“沈渡,我们解除婚约。”

我将那张烫金订婚协议推过桌面,指甲在纸面上划出一道浅痕。

对面的男人抬起头,眼底是我熟悉的温柔,可我已经见过这副皮囊下最凉薄的模样。

上一世,我也是这样坐在他对面,说的却是“我愿意为你放弃保研”。

然后我用三年青春替他搭建商业帝国,用父母的血汗钱填补他公司的窟窿,最后被他亲手送进监狱,罪名是“职务侵占”。
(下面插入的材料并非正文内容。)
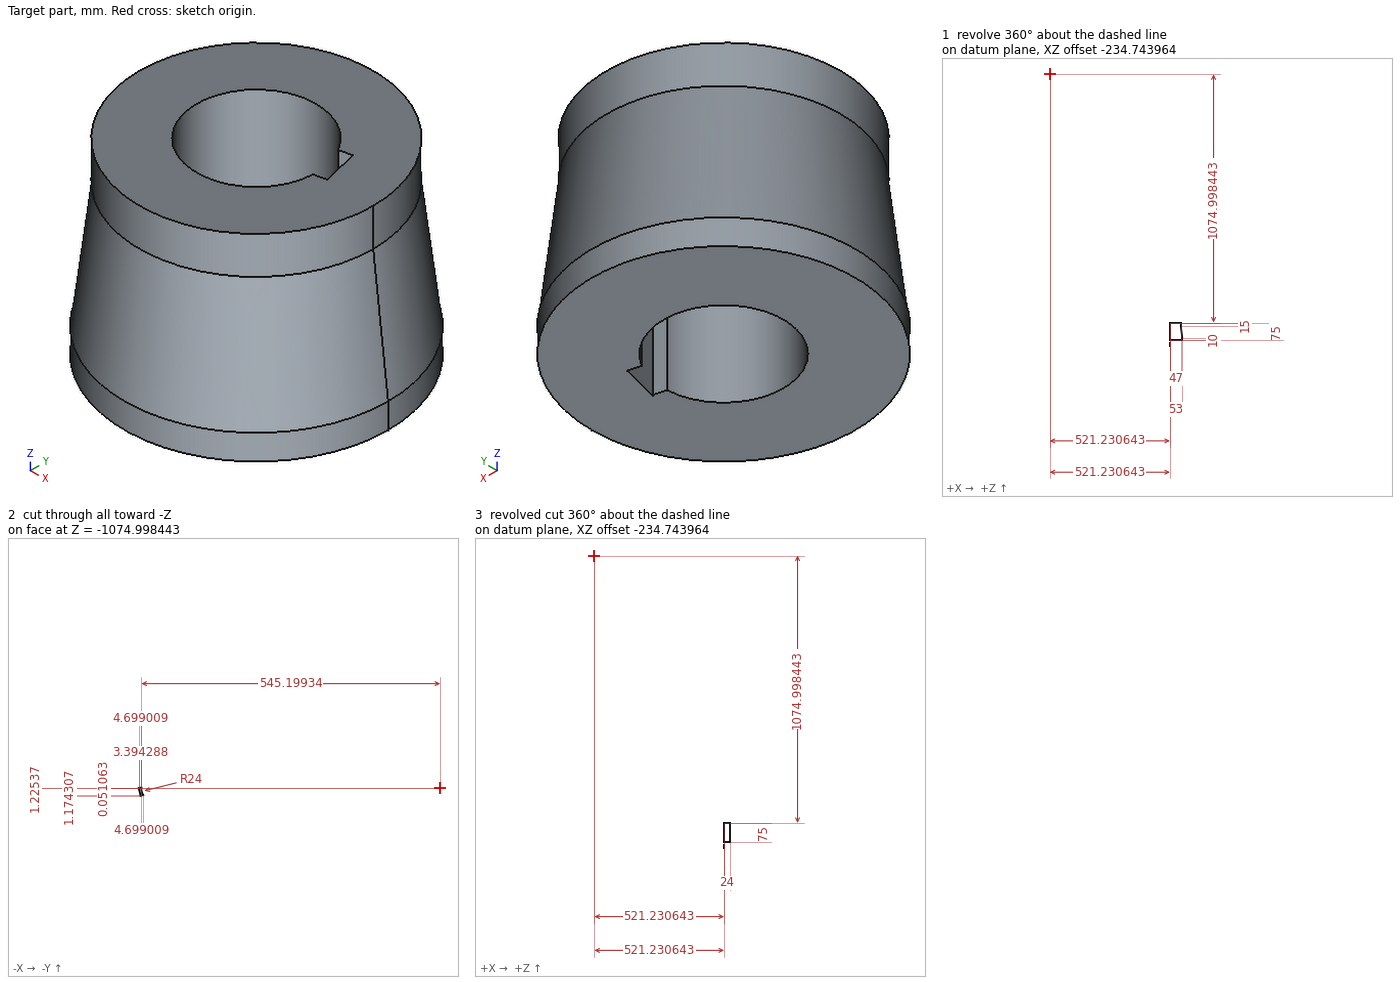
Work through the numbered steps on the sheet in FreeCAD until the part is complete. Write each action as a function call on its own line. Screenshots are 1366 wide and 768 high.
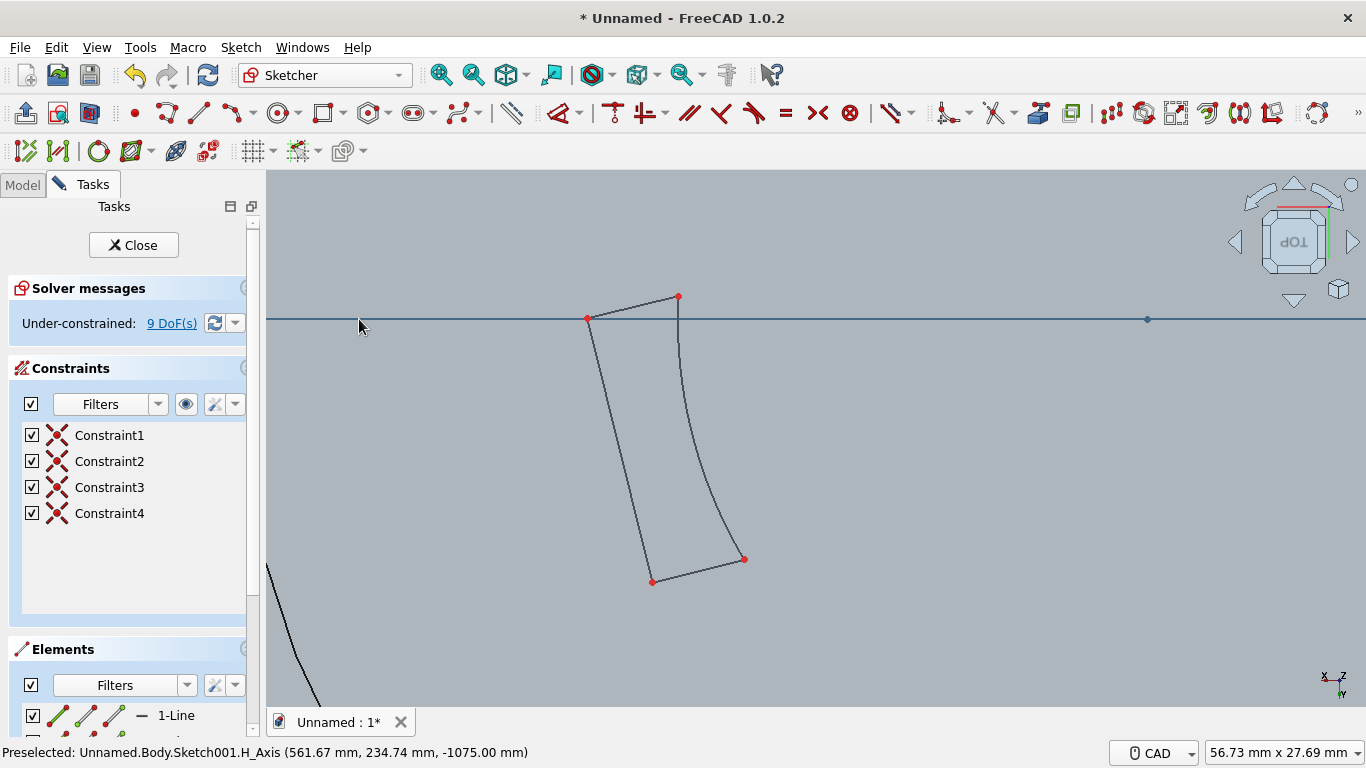
click(614, 114)

母亲在我入狱那年心脏病发,父亲脑梗偏瘫,我连最后一面都没见到。

而沈渡,搂着我的“好闺蜜”苏念,站在上市敲钟的台上,笑得风光无限。

“阮棠,你又闹什么?”沈渡放下咖啡杯,语气温柔得滴水,“婚期都定了,别任性。”

我笑了。

上一世我听到这话,只觉得是自己不够懂事,立刻道歉认错。

现在我只觉得恶心。

“任性?”我把那份保研确认函拍在桌上,“三年前你说创业需要我,我放弃了清华的保研。现在你公司估值五个亿,我的股份呢?”

沈渡眼神微闪:“我们不是说好了,等结了婚——”

“等结了婚,你再用手段把我踢出去,干干净净?”我站起身,声音不大,却让咖啡厅里的人都看了过来,“沈渡,你是不是觉得我阮棠这辈子就非得吊死在你这棵歪脖子树上?”

他的表情终于变了。

那是上一世我入狱前,在他脸上见过的表情——算计被戳破的恼羞成怒。

“你冷静点。”沈渡压低声音,伸手要来握我的手,“棠棠,你是不是听了谁的挑拨?我们这么多年的感情——”

“感情?”我甩开他的手,从包里抽出另一份文件,“那你解释一下,你和苏念在三亚的七天酒店记录,是去谈业务?”

沈渡的脸彻底沉了。

我见过这张脸温柔的样子,深情的样子,疲惫的样子,唯独没见过这么难看的表情。

上一世,我是在入狱后才看到那些照片的。

狱警递来的信封里,苏念挽着他的手臂,两个人在沙滩上笑得刺眼。

“所以你调查我?”沈渡声音冷下来,像换了个人。

“不需要调查。”我收起文件,拎起包,“我只是重活了一次,终于长了眼睛。”

转身那刻,我听到他在身后说:“阮棠,你会后悔的。”

上一世我最后悔的事,就是认识你。

重生在订婚前一星期,我做的第一件事不是撕协议,而是去了医院。

睡眠障碍科。

上辈子我失眠了整整三年,每晚只能靠安眠药勉强睡两三个小时。沈渡从不关心,甚至说我“矫情”。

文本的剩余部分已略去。